InformationComplex passwords contain one character from each of the following classes: English uppercase letters, English lowercase letters, Westernized Arabic numerals, and non-alphanumeric characters. Ensure that a special character is part of the password policy on the computer.
The more complex a password, the more resistant it will be against persons seeking unauthorized access to a system.
Password policy should be in effect to reduce the risk of exposed services being compromised easily through dictionary attacks or other social engineering attempts.
Run the following command to set passwords to require at least one special character:
$ /usr/bin/sudo /usr/bin/pwpolicy -n /Local/Default -setglobalpolicy -setaccountpolicies 'requiresSymbol=<value>=1>'
$ /usr/bin/sudo /usr/bin/pwpolicy -n /Local/Default -setglobalpolicy 'requiresSymbol=1'
Create or edit a configuration profile with the following information:
The PayloadType string is com.apple.mobiledevice.passwordpolicy
The key to include is minComplexChars
The key must be set to <integer><value>=1></integer>
Note: The profile method is the preferred method for setting password policy since -setglobalpolicy in pwpolicy is deprecated and will likely be removed in a future macOS release.

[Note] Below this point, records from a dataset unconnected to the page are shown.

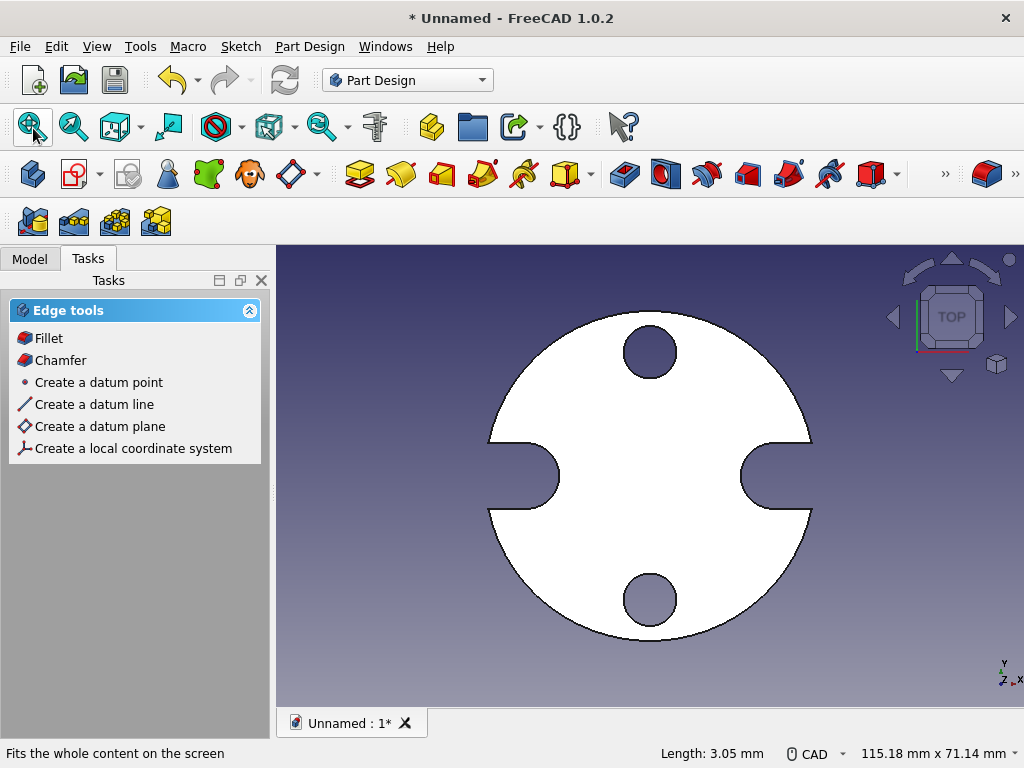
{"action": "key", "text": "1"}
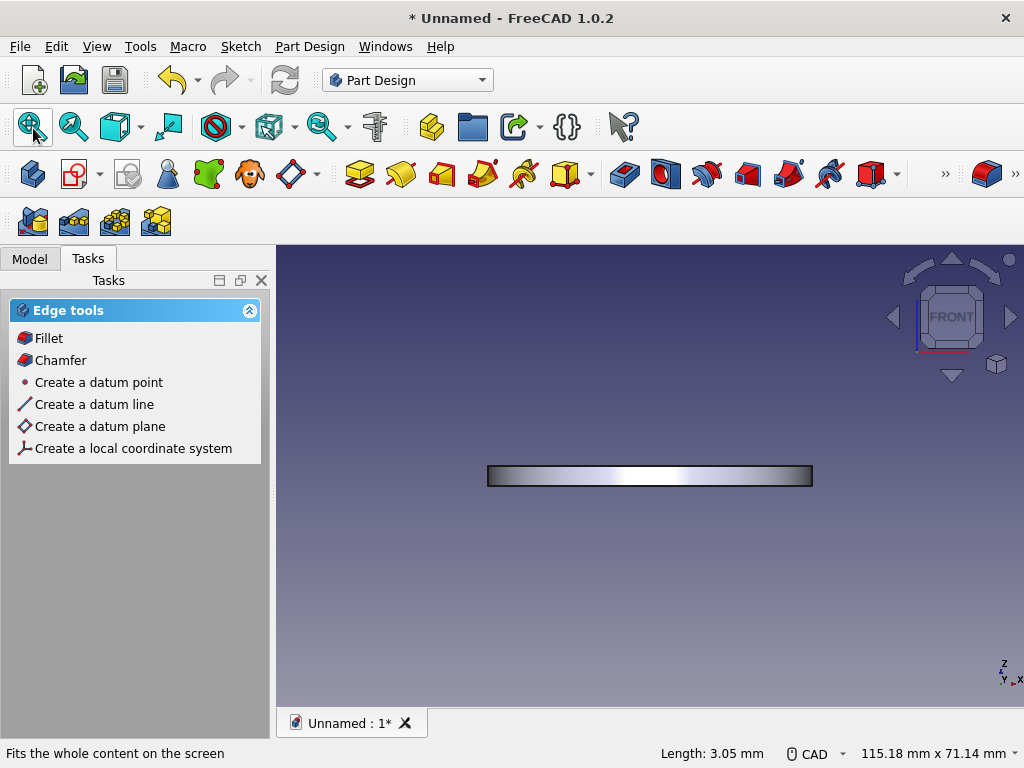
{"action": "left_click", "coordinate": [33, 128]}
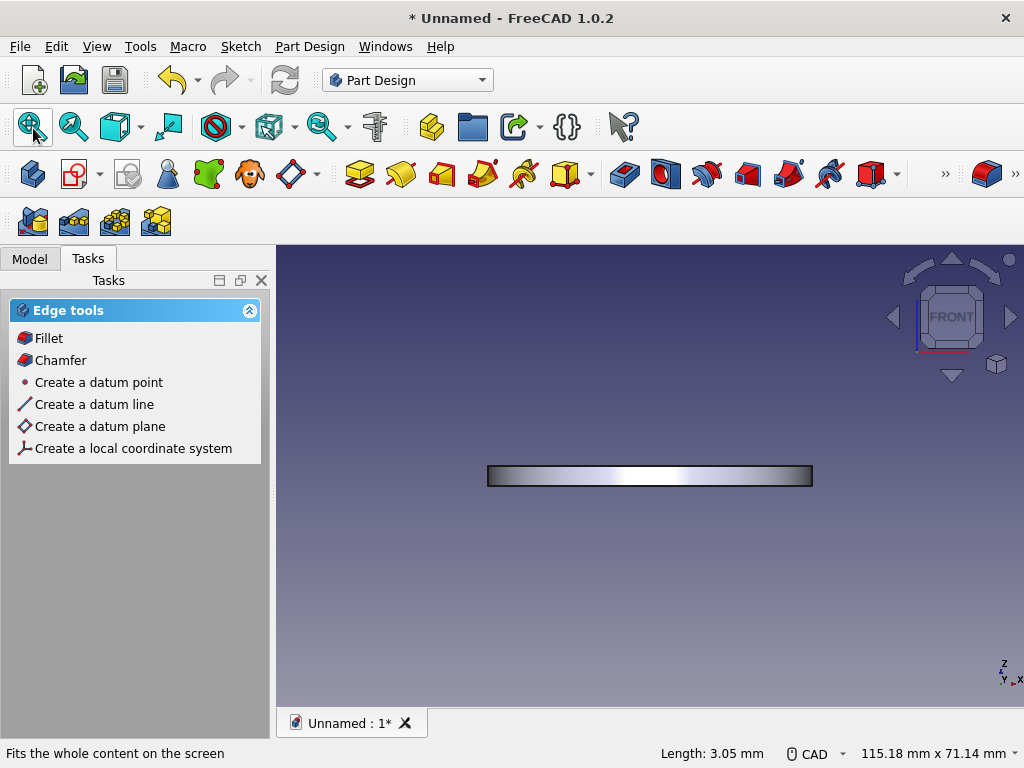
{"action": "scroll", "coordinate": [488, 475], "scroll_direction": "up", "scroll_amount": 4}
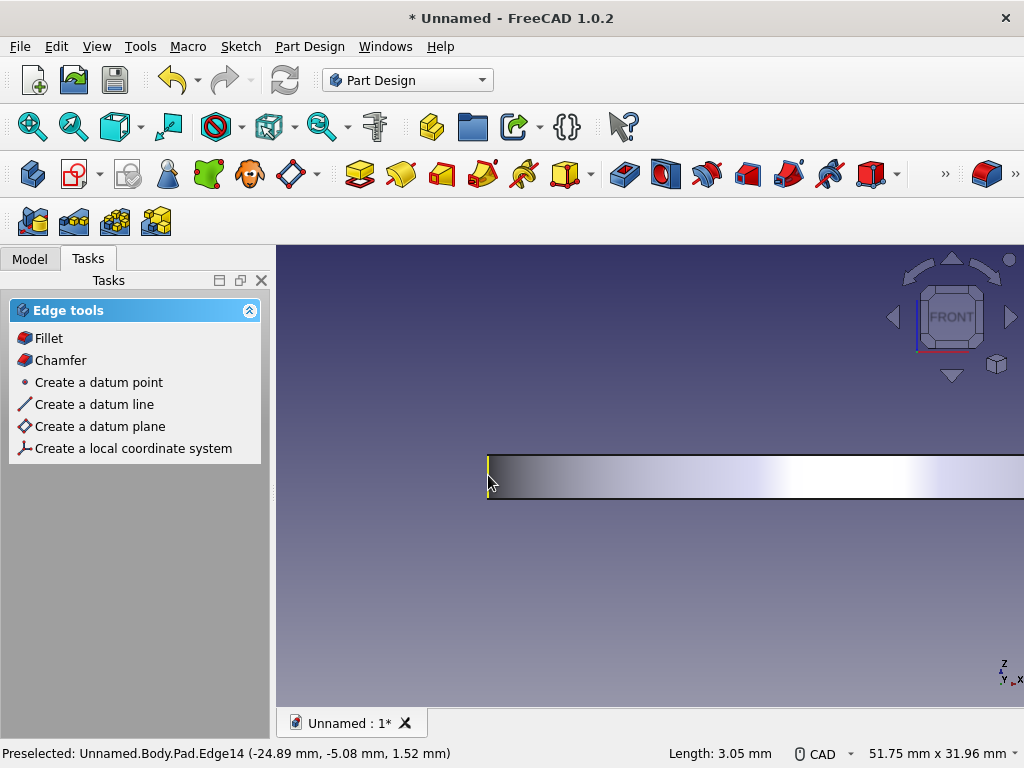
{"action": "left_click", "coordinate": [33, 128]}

Note: The CIS macOS community has decided to not require the additional password complexity settings (Recommendations 5.3 - 5.6). Because of that, we have left the complexity recommendations as a manual assessment. Since there are a large amount of admins in the greater macOS world that do need these settings, we include both the guidance for the proper setting as well as probes for CIS-CAT to test.